= Optical pulsar =

Astronomical object

An optical pulsar is a pulsar which can be detected in the visible spectrum. There are very few of these known: the Crab Pulsar was detected by stroboscopic techniques in 1969, shortly after its discovery in radio waves, at the Steward Observatory. The Vela Pulsar was detected in 1977 at the Anglo-Australian Observatory, and was the faintest star ever imaged at that time.
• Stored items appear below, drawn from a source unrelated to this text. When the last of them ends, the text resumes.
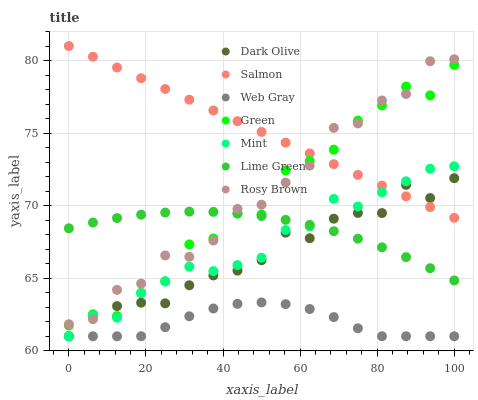Does Web Gray have the minimum area under the curve?
Answer yes or no. Yes. Does Salmon have the maximum area under the curve?
Answer yes or no. Yes. Does Lime Green have the minimum area under the curve?
Answer yes or no. No. Does Lime Green have the maximum area under the curve?
Answer yes or no. No. Is Salmon the smoothest?
Answer yes or no. Yes. Is Green the roughest?
Answer yes or no. Yes. Is Lime Green the smoothest?
Answer yes or no. No. Is Lime Green the roughest?
Answer yes or no. No. Does Web Gray have the lowest value?
Answer yes or no. Yes. Does Lime Green have the lowest value?
Answer yes or no. No. Does Salmon have the highest value?
Answer yes or no. Yes. Does Lime Green have the highest value?
Answer yes or no. No. Is Web Gray less than Salmon?
Answer yes or no. Yes. Is Rosy Brown greater than Web Gray?
Answer yes or no. Yes. Does Salmon intersect Mint?
Answer yes or no. Yes. Is Salmon less than Mint?
Answer yes or no. No. Is Salmon greater than Mint?
Answer yes or no. No. Does Web Gray intersect Salmon?
Answer yes or no. No. 
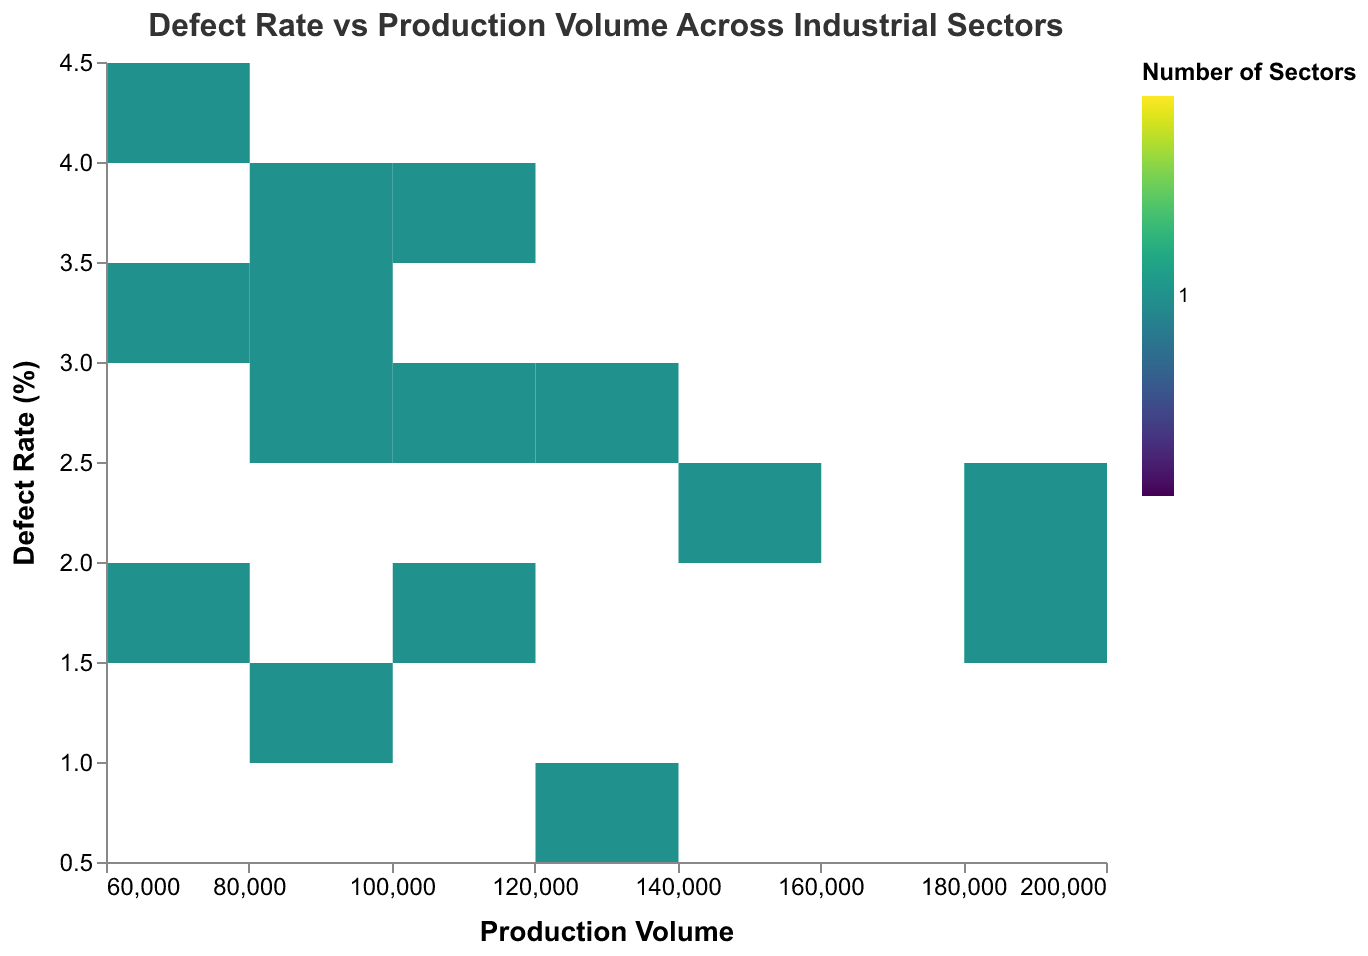What's the title of the plot? The title of the plot is usually displayed at the top of the figure. In this case, the title is "Defect Rate vs Production Volume Across Industrial Sectors"
Answer: "Defect Rate vs Production Volume Across Industrial Sectors" What is the range of the defect rate represented on the y-axis? The y-axis displays the defect rate and it ranges from the minimum defect rate to the maximum defect rate seen in the data. The given data has defect rates ranging from 0.7% to 4.2% as observed in the figure.
Answer: 0.7% to 4.2% Which industrial sector has the highest defect rate? The highest defect rate can be observed by looking at the data points plotted on the y-axis. In this case, the sector with the highest defect rate of 4.2% is "Mining Equipment."
Answer: Mining Equipment How does the defect rate of "Defense" compare to that of "Aerospace"? To compare the defect rates, we locate the points for "Defense" and "Aerospace" on the y-axis. "Defense" has a defect rate of 1.8%, whereas "Aerospace" has a defect rate of 1.1%. Hence, "Defense" has a higher defect rate than "Aerospace."
Answer: Higher What is the axis label for production volume? The axis label for production volume is usually identified next to the axis itself. In this case, the x-axis represents the "Production Volume" and it is labeled as such in the plot.
Answer: Production Volume How many sectors have a defect rate within the range of 2-3%? To determine the number of sectors within a given defect rate range, we can count the points that fall within 2-3% on the y-axis. From the data, "Automotive," "Power Generation," "Railway," "Tooling," "Consumer Appliances," and "Renewable Energy" fall within this range. There are 6 sectors in total.
Answer: 6 What are the characteristics of sectors with the highest production volume? The sectors with the highest production volumes will be located towards the right end of the x-axis. "Electronics" and "Consumer Appliances" have production volumes of 200,000 and 180,000 respectively. Both these sectors have defect rates within the range of 1.5-2.1%.
Answer: High production volume, Defect rates 1.5-2.1% Do higher production volumes correlate with lower defect rates? To determine if there is a correlation, observe the distribution of points on the plot. Sectors with larger production volumes (e.g., "Electronics," "Consumer Appliances") seem to have relatively lower defect rates compared to those with smaller volumes, suggesting a general trend.
Answer: Suggests negative correlation Which sector has the lowest production volume and what is its defect rate? The sector with the lowest production volume is identified by locating the leftmost point on the x-axis. This point belongs to "Marine Engineering" with a production volume of 65,000 and a defect rate of 3.1%.
Answer: Marine Engineering, 3.1%

As of 2018, there are 13 recognized optical pulsars:

| Name of pulsar | Magnitude (B) |
| Crab Pulsar (CM Tauri, PSR B0531+21) | 16.5 |
| Vela Pulsar | 24 |
| PSR B0540-69 (in the Large Magellanic Cloud) | 23 |
| PSR B0656+14 | 26 |
| PSR B0633+17 (Geminga) | 25.5 |
| PSR B1509-58 (*) | 25.7 |
| PSR J1023+0038 | 22 |
| PSR B1055−52 | 24.9 |
| PSR B1929+10 | 25.6 |
| PSR B1133+16 | 28 |
| PSR B0950+08 | 27.1 |
| PSR J0108−1431 | 26.4 |
| PSR J0437−4715 | 20.98±0.09 |
*Source included but not discussed in paper by source paper.